*** Opening of MATERIAL PROVIDED ***

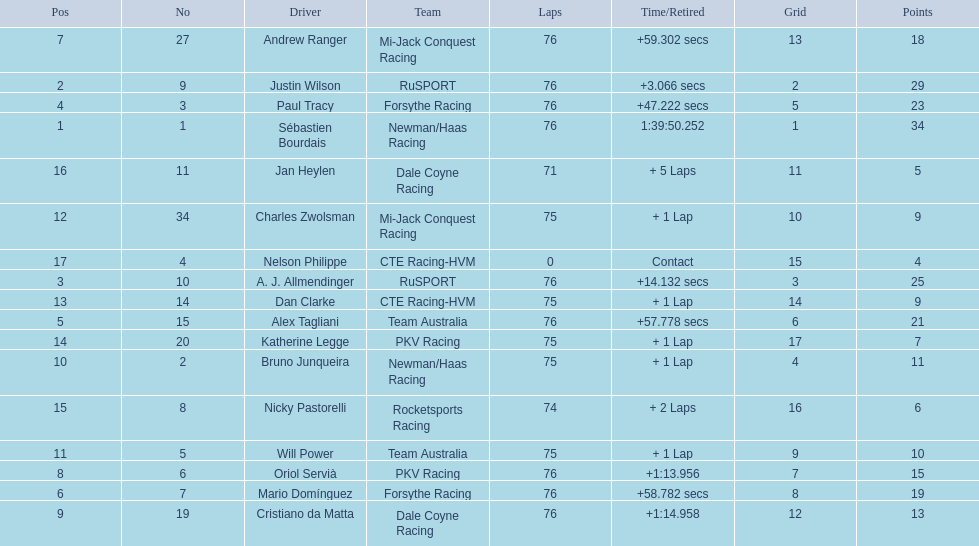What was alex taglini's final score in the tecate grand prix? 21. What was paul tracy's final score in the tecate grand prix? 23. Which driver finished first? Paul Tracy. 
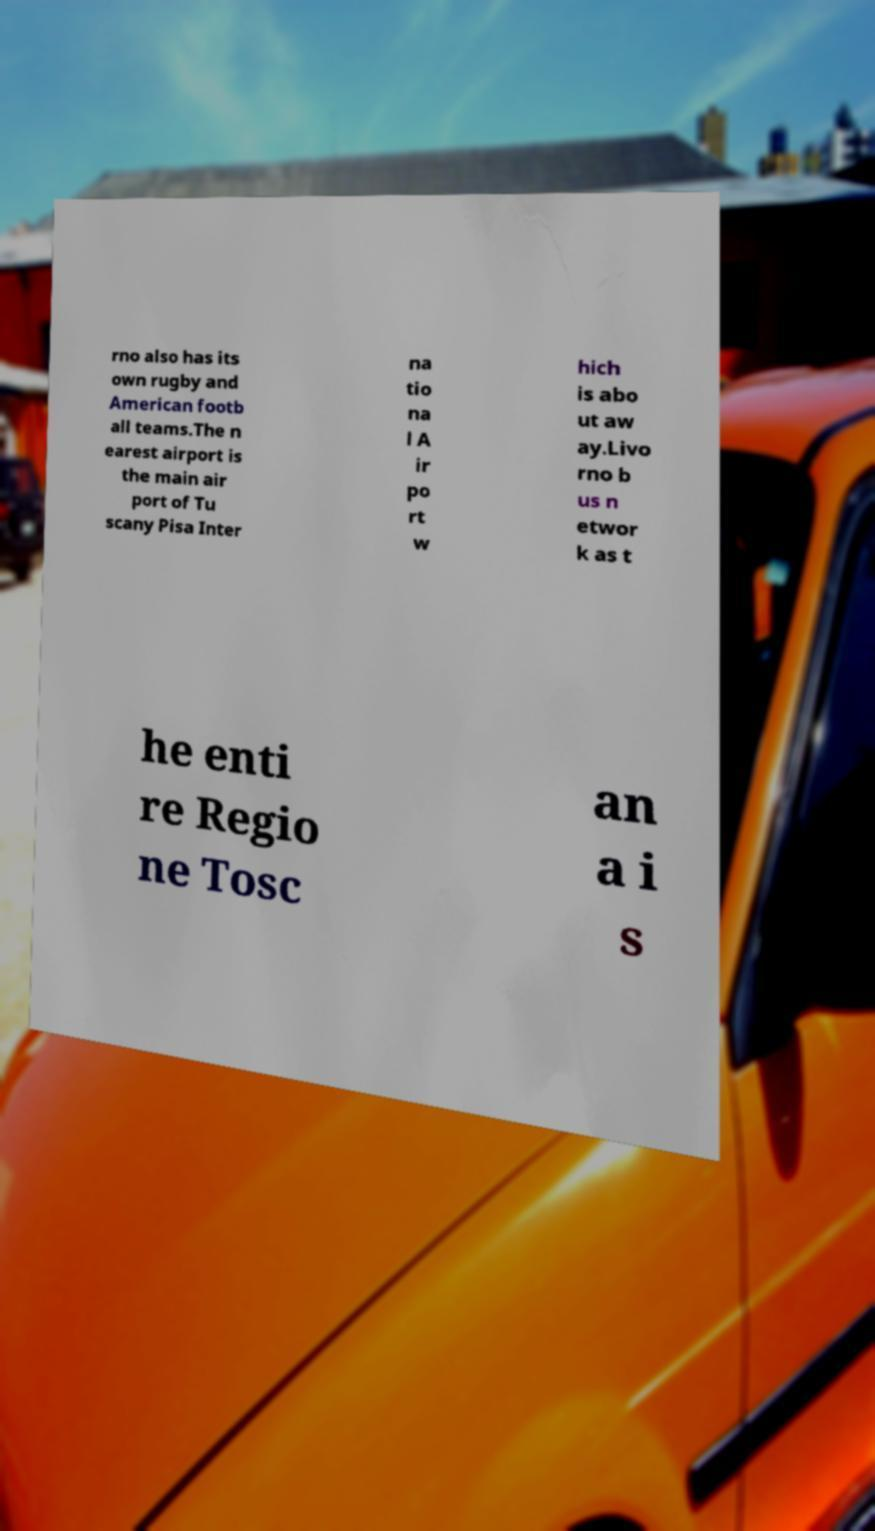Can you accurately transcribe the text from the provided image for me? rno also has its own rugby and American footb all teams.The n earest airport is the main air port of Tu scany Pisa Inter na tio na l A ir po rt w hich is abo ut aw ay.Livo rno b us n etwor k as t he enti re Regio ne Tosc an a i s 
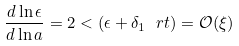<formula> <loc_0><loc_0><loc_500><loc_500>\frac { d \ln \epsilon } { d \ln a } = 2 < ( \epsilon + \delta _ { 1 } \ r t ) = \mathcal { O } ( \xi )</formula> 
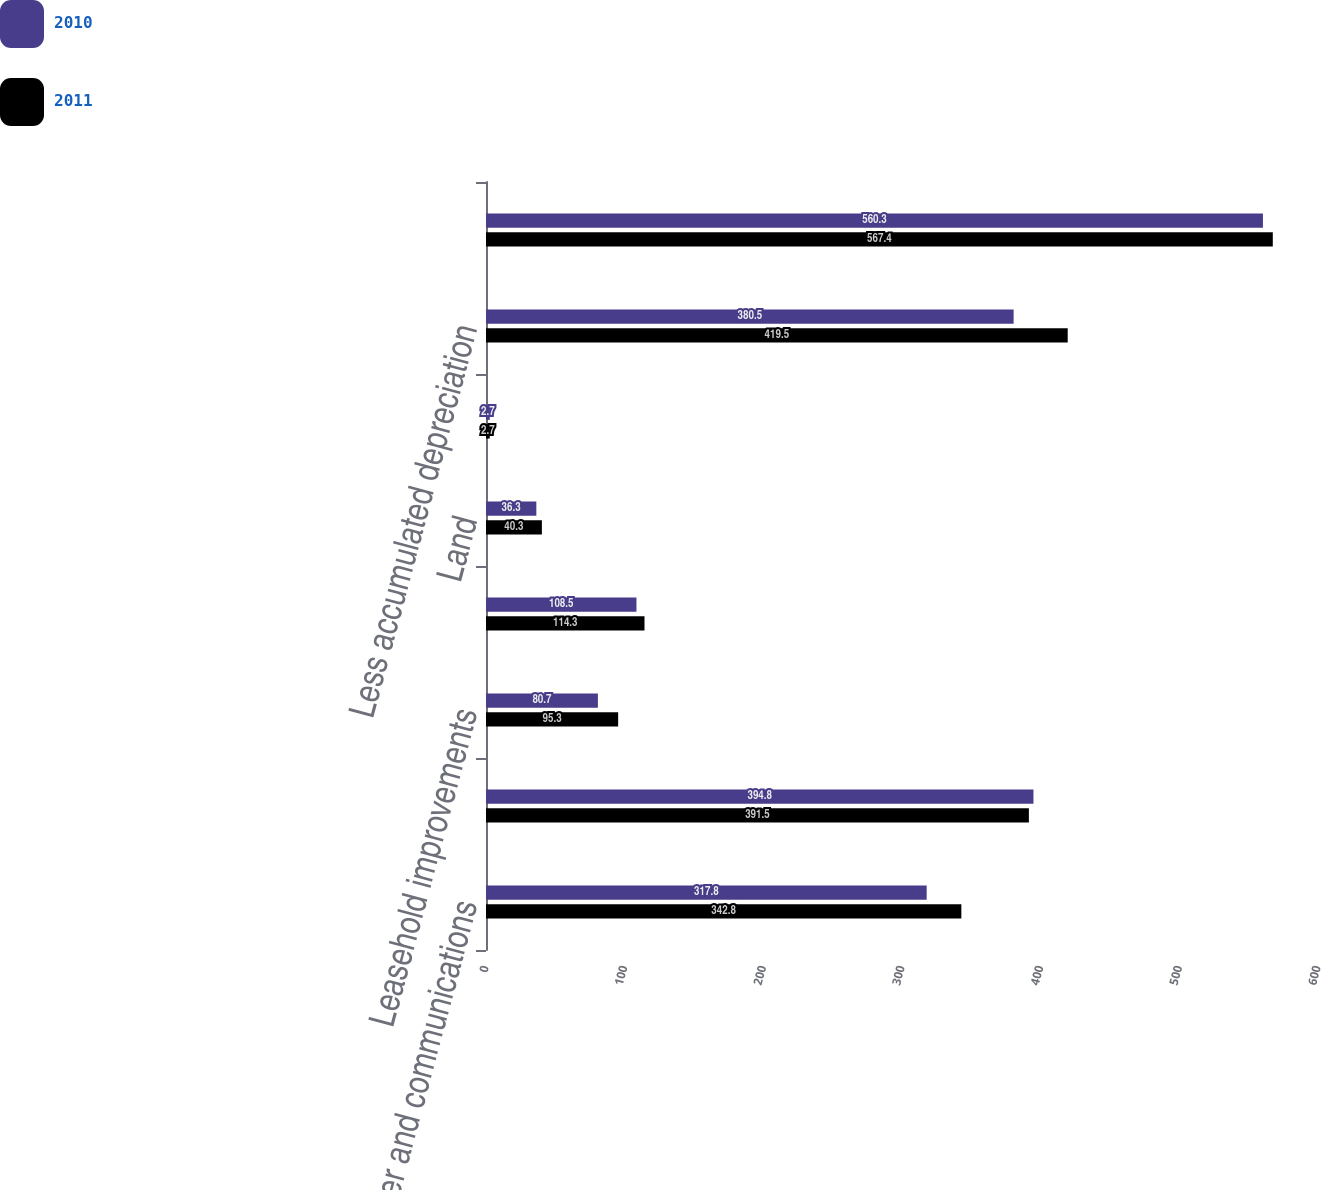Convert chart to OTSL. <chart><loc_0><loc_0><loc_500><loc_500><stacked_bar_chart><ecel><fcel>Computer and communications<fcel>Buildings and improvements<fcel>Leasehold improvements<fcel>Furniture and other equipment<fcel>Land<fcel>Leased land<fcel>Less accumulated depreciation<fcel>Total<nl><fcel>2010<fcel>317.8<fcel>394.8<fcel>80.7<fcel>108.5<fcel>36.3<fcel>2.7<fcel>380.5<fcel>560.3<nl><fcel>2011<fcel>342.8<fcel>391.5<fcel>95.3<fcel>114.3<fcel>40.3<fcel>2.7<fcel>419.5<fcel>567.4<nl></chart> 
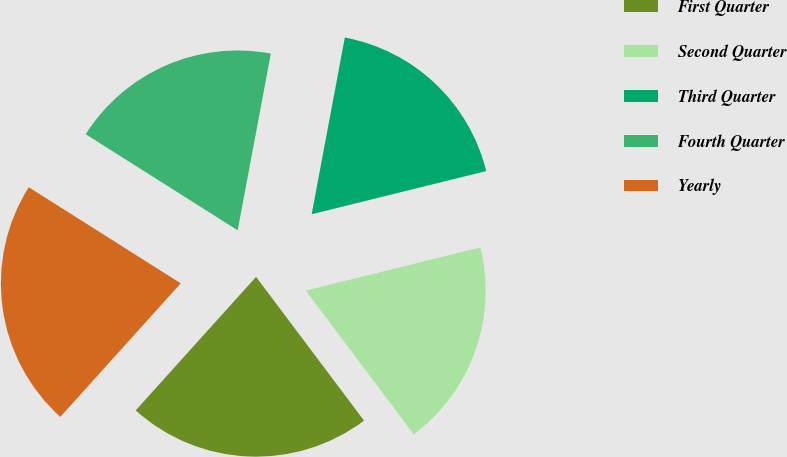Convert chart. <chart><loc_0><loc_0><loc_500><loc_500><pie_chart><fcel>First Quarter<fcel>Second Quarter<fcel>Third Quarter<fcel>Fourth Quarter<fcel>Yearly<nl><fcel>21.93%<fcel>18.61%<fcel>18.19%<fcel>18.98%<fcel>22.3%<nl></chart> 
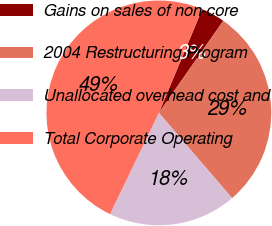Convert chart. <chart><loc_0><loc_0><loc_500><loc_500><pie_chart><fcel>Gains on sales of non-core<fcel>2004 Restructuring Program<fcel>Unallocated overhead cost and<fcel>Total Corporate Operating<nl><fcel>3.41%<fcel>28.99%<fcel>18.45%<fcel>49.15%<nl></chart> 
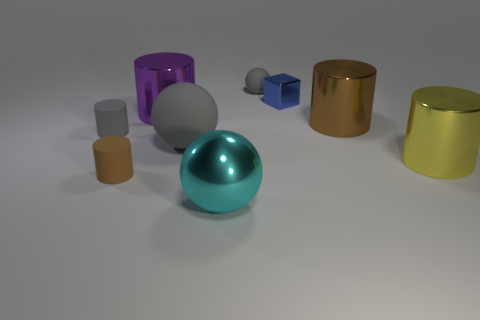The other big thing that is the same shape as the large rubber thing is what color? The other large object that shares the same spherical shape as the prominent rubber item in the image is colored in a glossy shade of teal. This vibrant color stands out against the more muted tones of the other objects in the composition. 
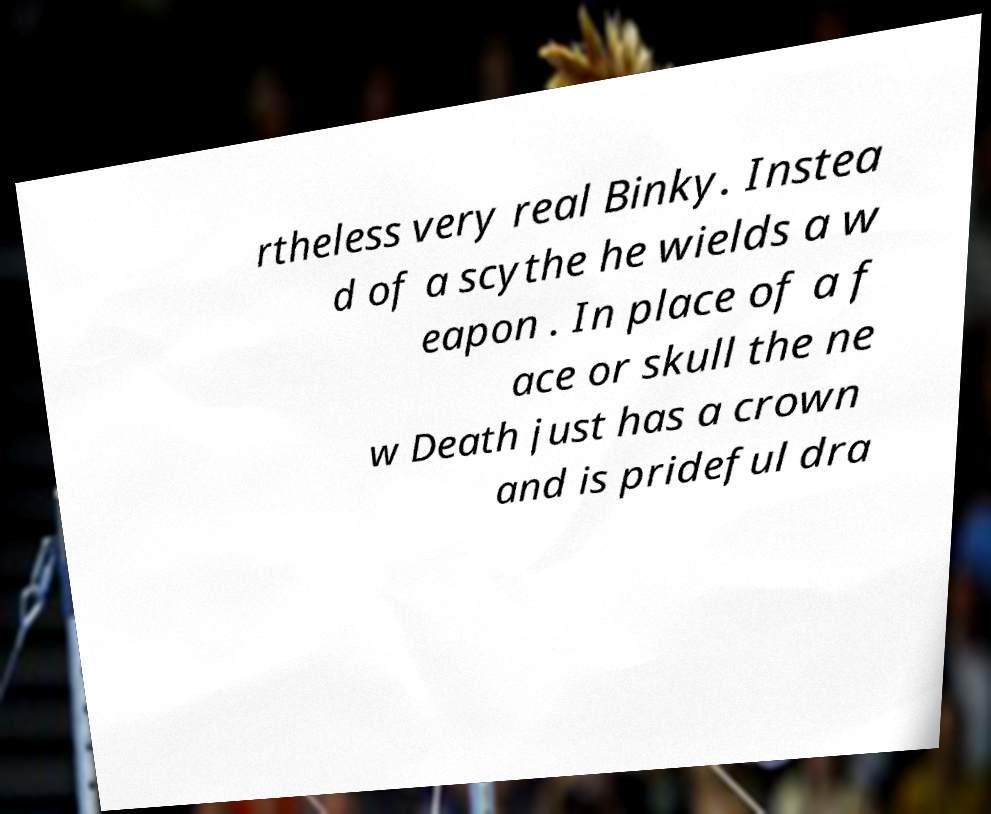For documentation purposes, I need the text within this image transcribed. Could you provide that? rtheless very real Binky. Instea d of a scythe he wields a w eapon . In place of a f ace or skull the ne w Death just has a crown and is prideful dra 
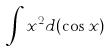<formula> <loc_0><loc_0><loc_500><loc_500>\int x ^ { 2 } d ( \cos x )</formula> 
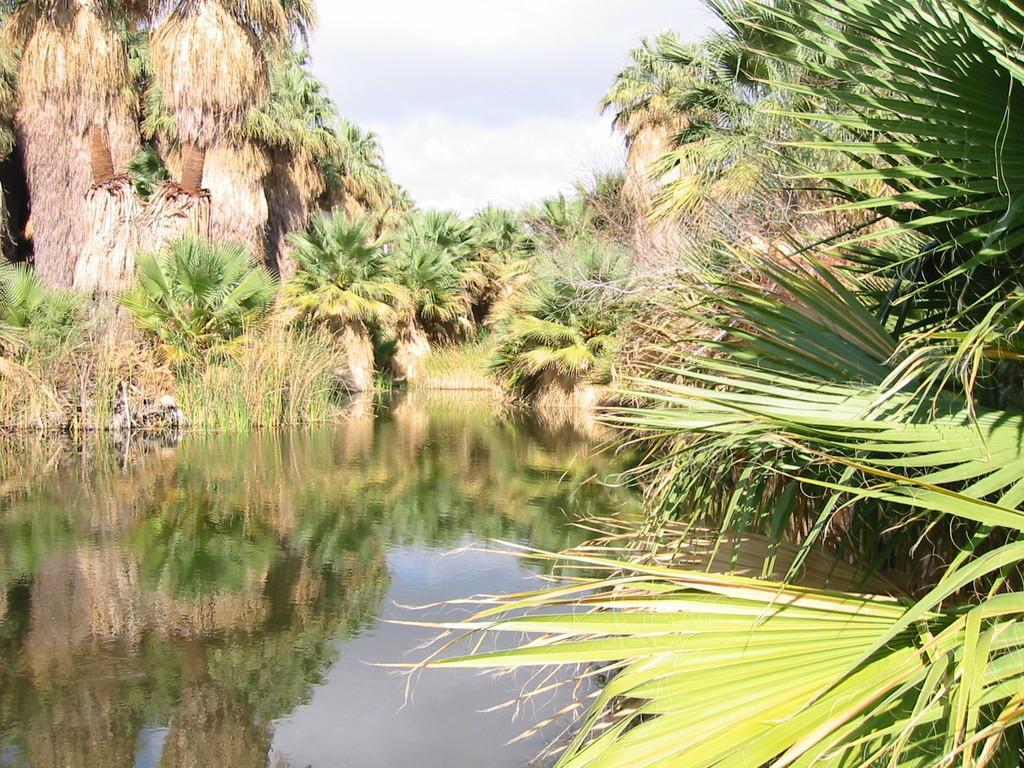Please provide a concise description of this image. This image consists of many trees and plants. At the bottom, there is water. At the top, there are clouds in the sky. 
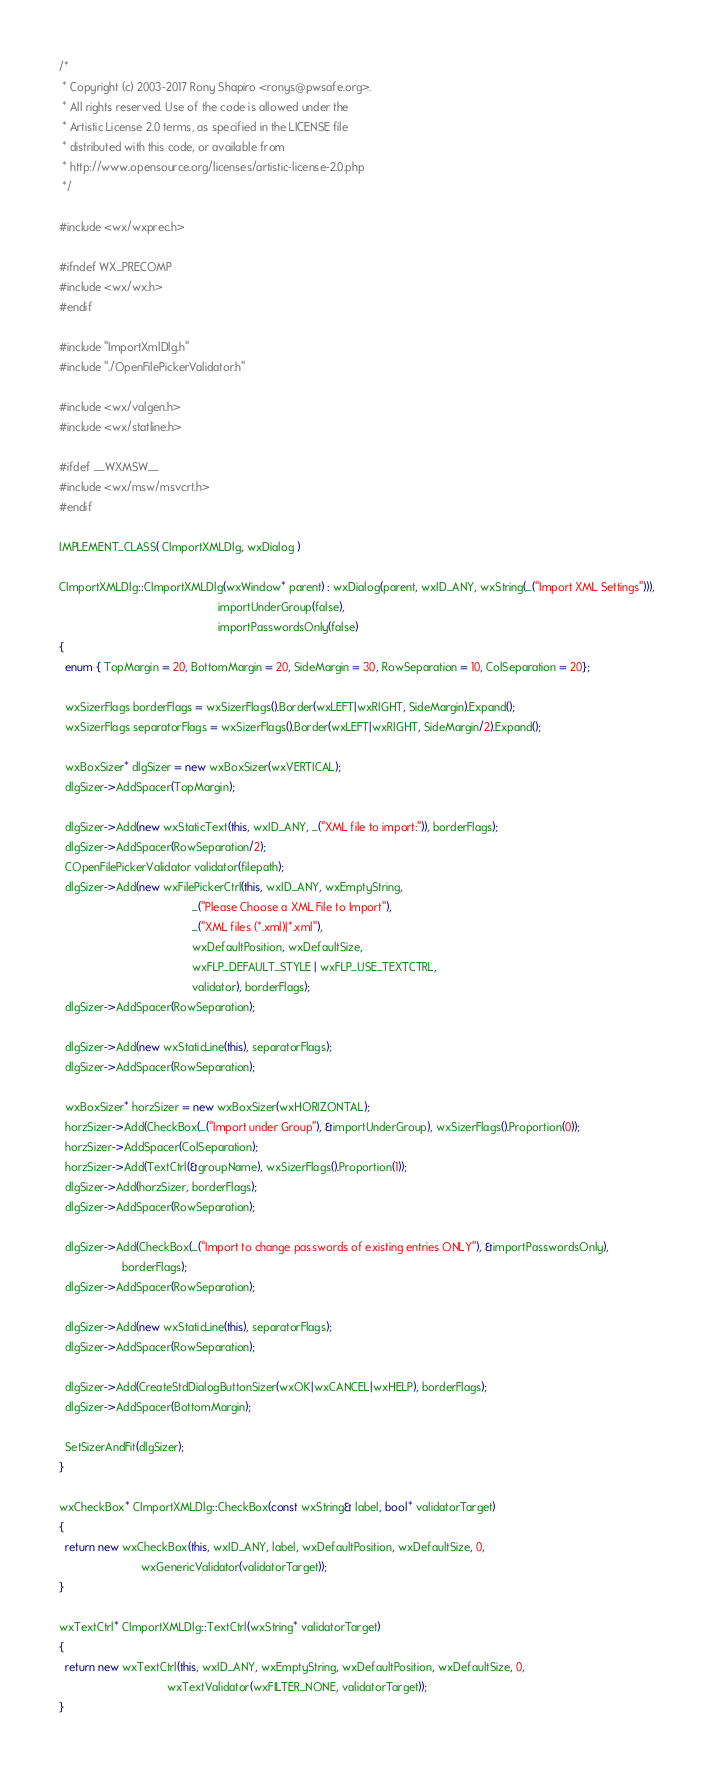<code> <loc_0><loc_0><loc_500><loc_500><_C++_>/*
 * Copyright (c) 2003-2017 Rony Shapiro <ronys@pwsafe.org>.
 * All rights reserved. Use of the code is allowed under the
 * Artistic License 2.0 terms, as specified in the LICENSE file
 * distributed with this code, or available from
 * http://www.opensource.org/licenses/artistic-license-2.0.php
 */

*** Close of MATERIAL PROVIDED ***

## GOAL OF THE EXERCISE
Starting at the first line of the material above and ending with the line that contains "<formula> <loc_0><loc_0><loc_500><loc_500>\int x", reproduce every line exactly, and leave out the pictures.

## EXERCISE OUTPUT
What was alex taglini's final score in the tecate grand prix? 21. What was paul tracy's final score in the tecate grand prix? 23. Which driver finished first? Paul Tracy. 
Can you accurately transcribe the text from the provided image for me? rno also has its own rugby and American footb all teams.The n earest airport is the main air port of Tu scany Pisa Inter na tio na l A ir po rt w hich is abo ut aw ay.Livo rno b us n etwor k as t he enti re Regio ne Tosc an a i s 
<formula> <loc_0><loc_0><loc_500><loc_500>\frac { d \ln \epsilon } { d \ln a } = 2 < ( \epsilon + \delta _ { 1 } \ r t ) = \mathcal { O } ( \xi )</formula> 
Convert chart to OTSL. <chart><loc_0><loc_0><loc_500><loc_500><stacked_bar_chart><ecel><fcel>Computer and communications<fcel>Buildings and improvements<fcel>Leasehold improvements<fcel>Furniture and other equipment<fcel>Land<fcel>Leased land<fcel>Less accumulated depreciation<fcel>Total<nl><fcel>2010<fcel>317.8<fcel>394.8<fcel>80.7<fcel>108.5<fcel>36.3<fcel>2.7<fcel>380.5<fcel>560.3<nl><fcel>2011<fcel>342.8<fcel>391.5<fcel>95.3<fcel>114.3<fcel>40.3<fcel>2.7<fcel>419.5<fcel>567.4<nl></chart> 
Convert chart. <chart><loc_0><loc_0><loc_500><loc_500><pie_chart><fcel>First Quarter<fcel>Second Quarter<fcel>Third Quarter<fcel>Fourth Quarter<fcel>Yearly<nl><fcel>21.93%<fcel>18.61%<fcel>18.19%<fcel>18.98%<fcel>22.3%<nl></chart> 
Convert chart. <chart><loc_0><loc_0><loc_500><loc_500><pie_chart><fcel>Gains on sales of non-core<fcel>2004 Restructuring Program<fcel>Unallocated overhead cost and<fcel>Total Corporate Operating<nl><fcel>3.41%<fcel>28.99%<fcel>18.45%<fcel>49.15%<nl></chart> 
The other big thing that is the same shape as the large rubber thing is what color? The other large object that shares the same spherical shape as the prominent rubber item in the image is colored in a glossy shade of teal. This vibrant color stands out against the more muted tones of the other objects in the composition. 
For documentation purposes, I need the text within this image transcribed. Could you provide that? rtheless very real Binky. Instea d of a scythe he wields a w eapon . In place of a f ace or skull the ne w Death just has a crown and is prideful dra 
<formula> <loc_0><loc_0><loc_500><loc_500>\int x ^ { 2 } d ( \cos x )</formula> 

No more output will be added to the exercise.